"""

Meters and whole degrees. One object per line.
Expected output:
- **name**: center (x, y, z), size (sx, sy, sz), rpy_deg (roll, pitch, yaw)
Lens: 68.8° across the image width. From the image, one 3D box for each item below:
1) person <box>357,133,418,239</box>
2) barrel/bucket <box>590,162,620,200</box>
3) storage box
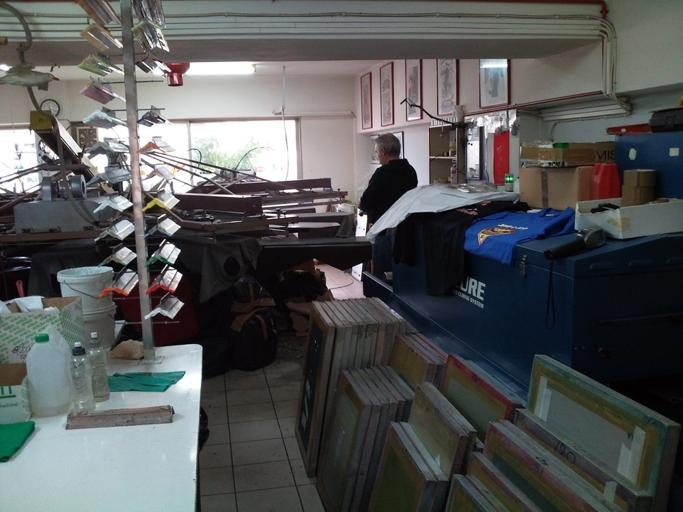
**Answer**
- **person**: center (0.455, -0.726, 5.019), size (0.566, 0.965, 0.889), rpy_deg (2, 15, 6)
- **barrel/bucket**: center (1.630, -0.456, 3.076), size (0.121, 0.223, 0.243), rpy_deg (-6, 16, -23)
- **storage box**: center (1.605, -0.580, 3.539), size (0.642, 0.433, 0.607), rpy_deg (-3, 7, -20)

"""

Without including any picture, retype the entries exactly.

▶ _EXERCISE RESPONSE_:
Meters and whole degrees. One object per line.
Expected output:
- **name**: center (x, y, z), size (sx, sy, sz), rpy_deg (roll, pitch, yaw)
Lens: 68.8° across the image width. From the image, one 3D box for each item below:
1) person <box>357,133,418,239</box>
2) barrel/bucket <box>590,162,620,200</box>
3) storage box
**Answer**
- **person**: center (0.455, -0.726, 5.019), size (0.566, 0.965, 0.889), rpy_deg (2, 15, 6)
- **barrel/bucket**: center (1.630, -0.456, 3.076), size (0.121, 0.223, 0.243), rpy_deg (-6, 16, -23)
- **storage box**: center (1.605, -0.580, 3.539), size (0.642, 0.433, 0.607), rpy_deg (-3, 7, -20)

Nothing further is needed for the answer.